2. Trim trees away from the house and power drop. CenterPoint crews will not cut private limbs off your roof during a restoration. That is on you. Schedule a certified arborist in April or early May.

3. Verify your generator transfer switch works. If you have a portable or standby generator, run it under load for 30 minutes. Interlock kits and transfer switches fail quietly. Find out now, not at 2 a.m. in 95-degree heat.

4. Test your home battery backup state of charge and inverter status. Open the app. Confirm the system is at or near 100 percent, firmware is current, and the transfer relay test passes.

5. Photograph every room of your house. Open closets, open cabinets. These photos become your insurance baseline. Upload to cloud storage, not just your phone.

6. Stock shelf-stable food for 7 days per person. Canned protein, peanut butter, rice, electrolyte packets. Rotate the pantry every spring.

7. Refill all prescriptions to a 30-day supply minimum. Pharmacies lose power too. CVS on West Gray was closed for six days after Beryl.

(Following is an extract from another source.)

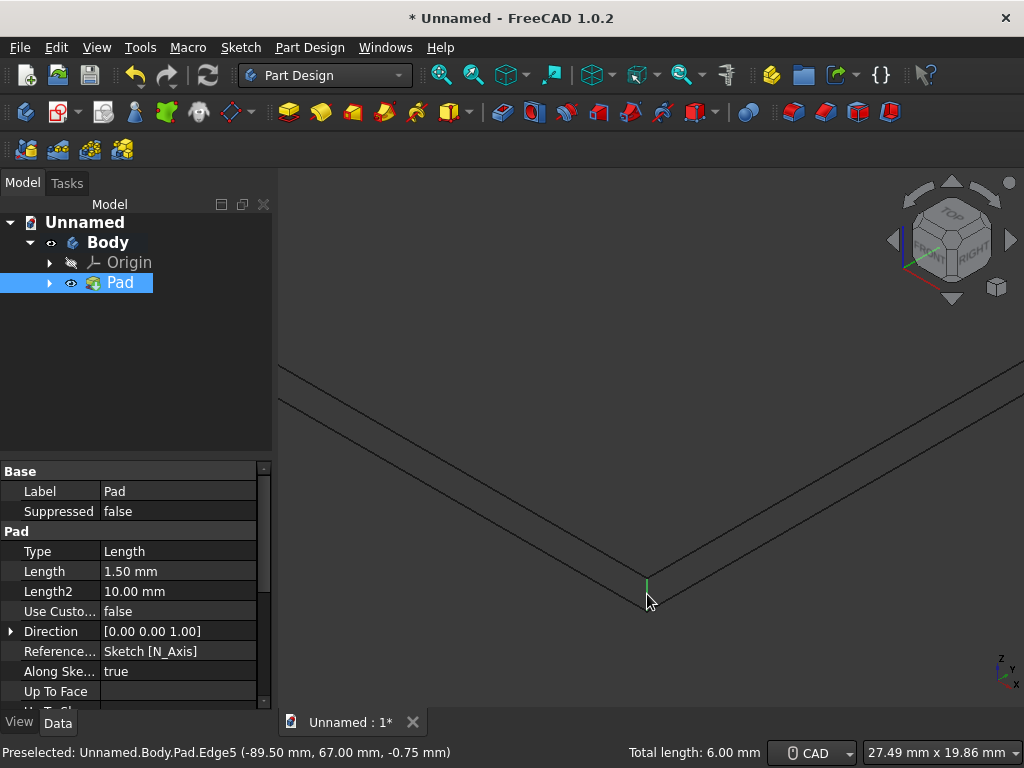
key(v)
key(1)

8. Register medical equipment with CenterPoint's Critical Care Program. If anyone in the house runs a CPAP, oxygen concentrator, home dialysis, or powered wheelchair, the utility flags your address for priority restoration.

What do you do when a named storm is 7 days out?

[UNIQUE INSIGHT] The 7-day window is the actionable one for Houston. Named storms typically give 3 to 7 days of lead time from Atlantic formation to Gulf landfall (NHC, 2024), which means a named storm in the Gulf is not a drill. This is the tier where supplies disappear from shelves first.

1. Fuel every vehicle and fuel can to full. Gas stations on evacuation routes are the first to run dry. Top off by day 6.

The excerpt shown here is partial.